> Goal of the exercise
Search the entries below for the string "REVISION" and give the number of lines that hold it, nothing else.

____ Records for the exercise

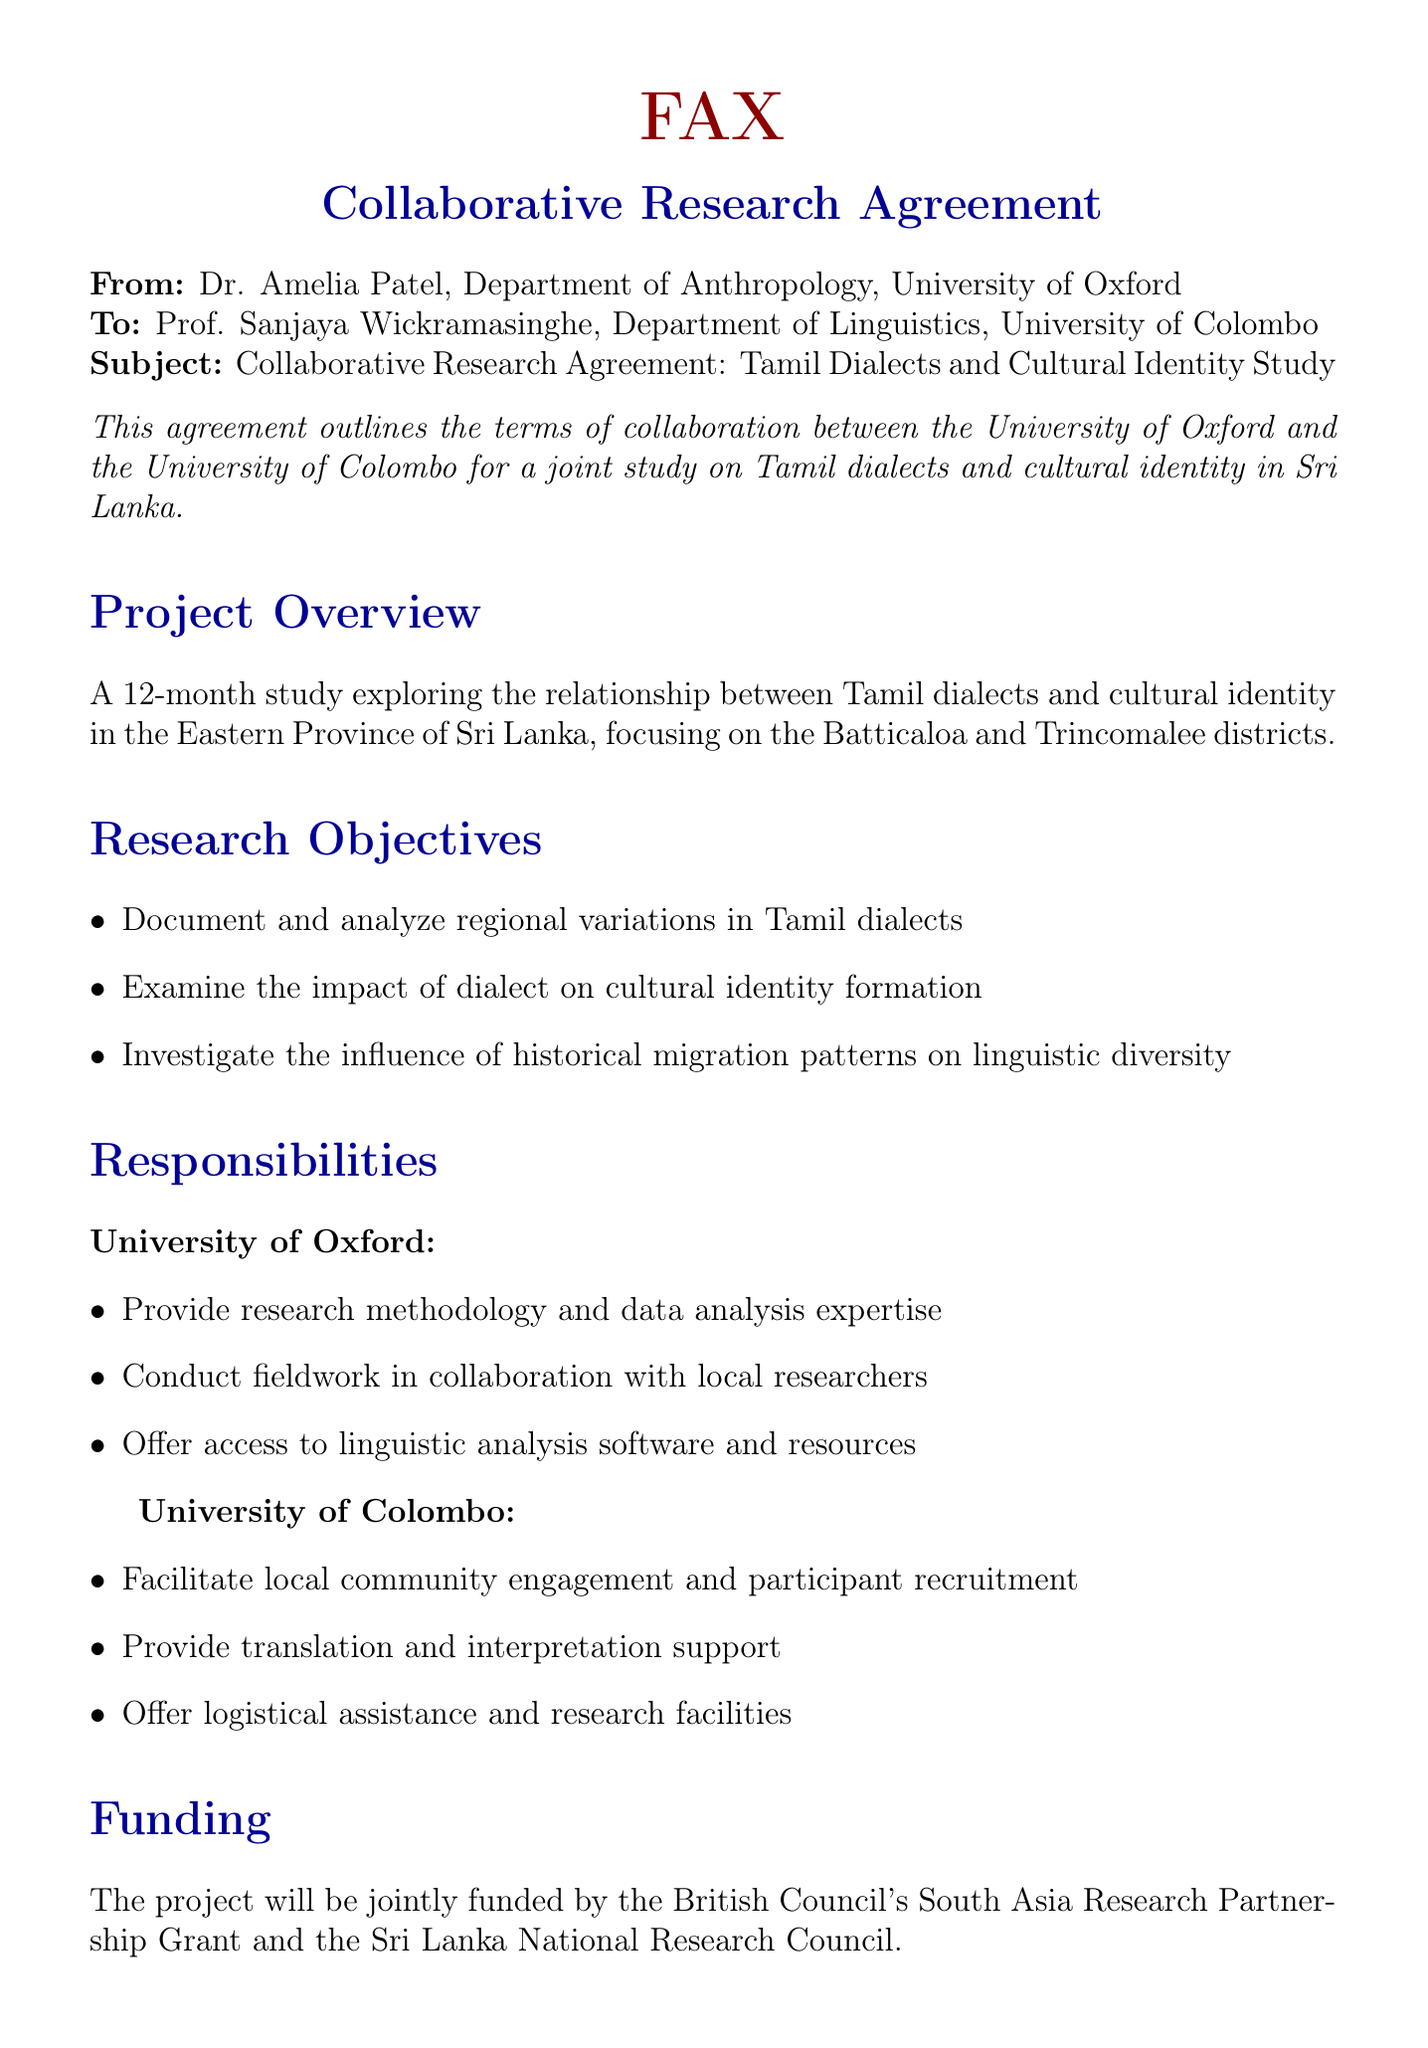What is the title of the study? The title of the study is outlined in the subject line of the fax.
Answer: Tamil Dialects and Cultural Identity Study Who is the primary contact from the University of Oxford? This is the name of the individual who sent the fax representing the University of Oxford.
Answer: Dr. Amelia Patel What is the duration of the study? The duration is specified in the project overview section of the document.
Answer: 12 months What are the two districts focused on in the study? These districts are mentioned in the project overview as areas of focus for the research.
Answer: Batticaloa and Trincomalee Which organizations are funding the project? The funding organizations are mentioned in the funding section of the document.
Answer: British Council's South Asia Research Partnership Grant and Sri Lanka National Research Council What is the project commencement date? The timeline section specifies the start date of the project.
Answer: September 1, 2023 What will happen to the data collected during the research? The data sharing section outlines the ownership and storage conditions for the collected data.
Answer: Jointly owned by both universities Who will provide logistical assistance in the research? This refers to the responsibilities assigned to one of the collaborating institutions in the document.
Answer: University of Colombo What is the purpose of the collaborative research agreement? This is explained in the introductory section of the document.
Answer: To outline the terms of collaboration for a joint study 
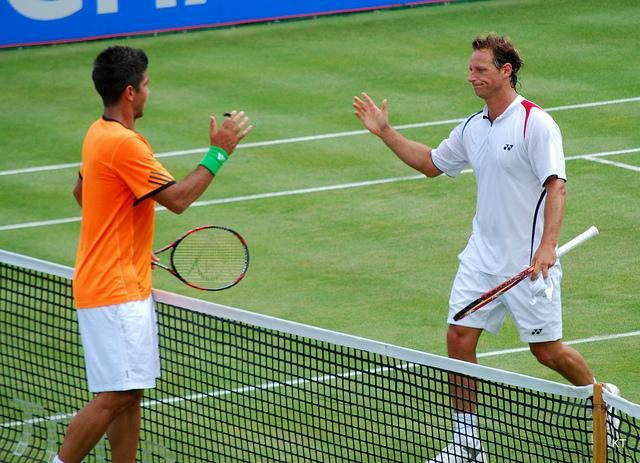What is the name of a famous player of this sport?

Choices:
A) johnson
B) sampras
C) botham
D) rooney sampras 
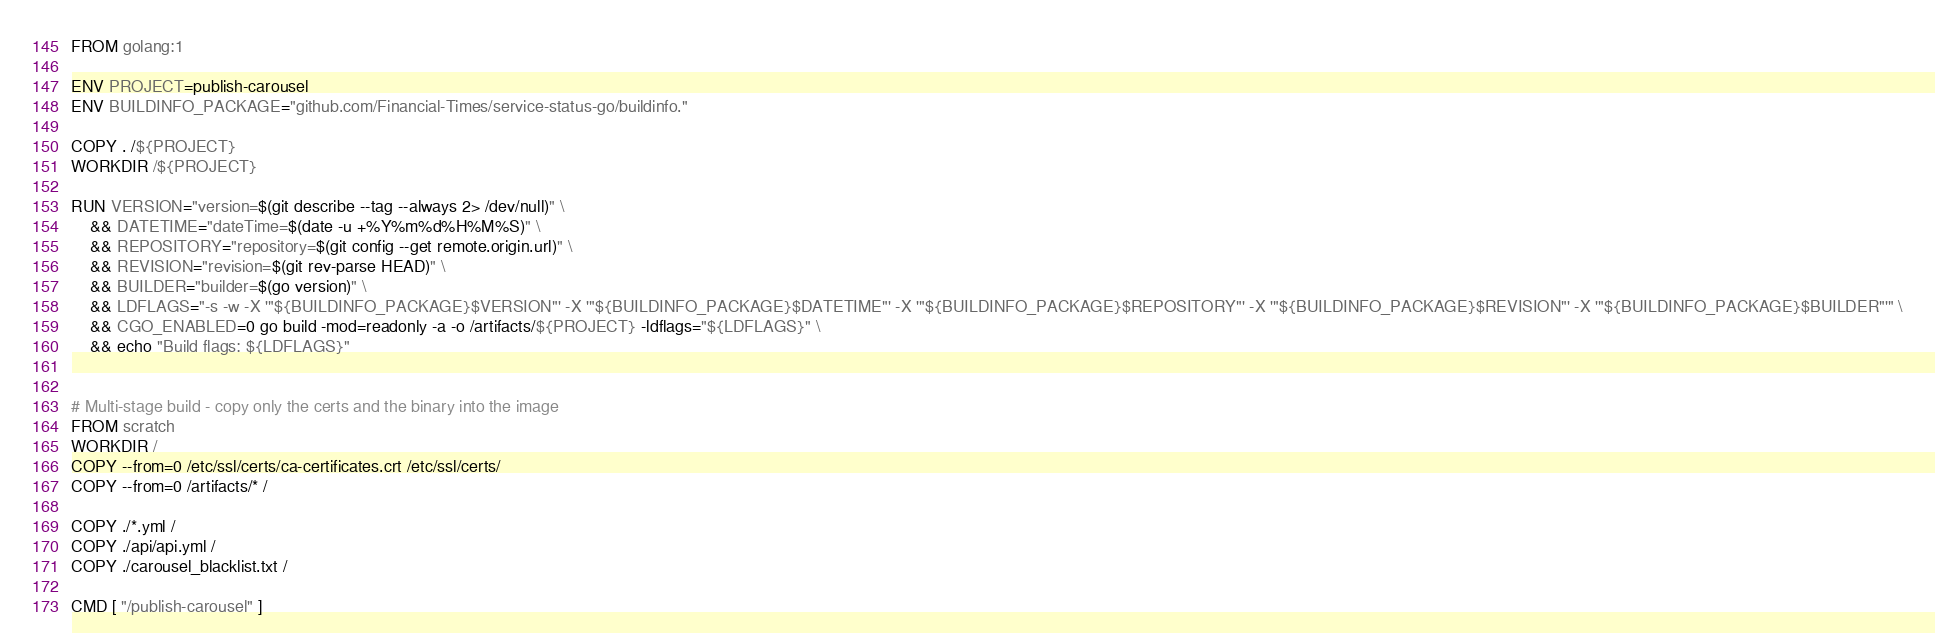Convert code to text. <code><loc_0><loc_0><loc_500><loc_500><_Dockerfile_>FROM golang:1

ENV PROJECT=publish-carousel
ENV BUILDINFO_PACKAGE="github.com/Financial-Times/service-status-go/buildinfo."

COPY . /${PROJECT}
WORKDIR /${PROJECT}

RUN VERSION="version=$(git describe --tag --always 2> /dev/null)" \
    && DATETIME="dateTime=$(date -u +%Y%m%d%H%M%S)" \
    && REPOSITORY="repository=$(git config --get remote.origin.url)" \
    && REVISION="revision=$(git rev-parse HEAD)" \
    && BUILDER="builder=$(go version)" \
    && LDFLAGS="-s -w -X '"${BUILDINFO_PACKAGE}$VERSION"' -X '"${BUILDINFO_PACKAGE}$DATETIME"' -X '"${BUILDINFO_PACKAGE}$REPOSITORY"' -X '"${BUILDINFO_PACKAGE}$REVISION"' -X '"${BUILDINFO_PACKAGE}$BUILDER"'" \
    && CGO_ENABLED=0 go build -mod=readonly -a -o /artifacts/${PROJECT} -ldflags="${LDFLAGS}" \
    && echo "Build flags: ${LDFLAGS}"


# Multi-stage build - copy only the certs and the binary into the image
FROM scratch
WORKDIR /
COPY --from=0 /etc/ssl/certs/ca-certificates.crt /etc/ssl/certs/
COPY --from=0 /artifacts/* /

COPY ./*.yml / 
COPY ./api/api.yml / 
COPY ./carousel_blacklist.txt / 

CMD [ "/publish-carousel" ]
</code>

________

> Response
2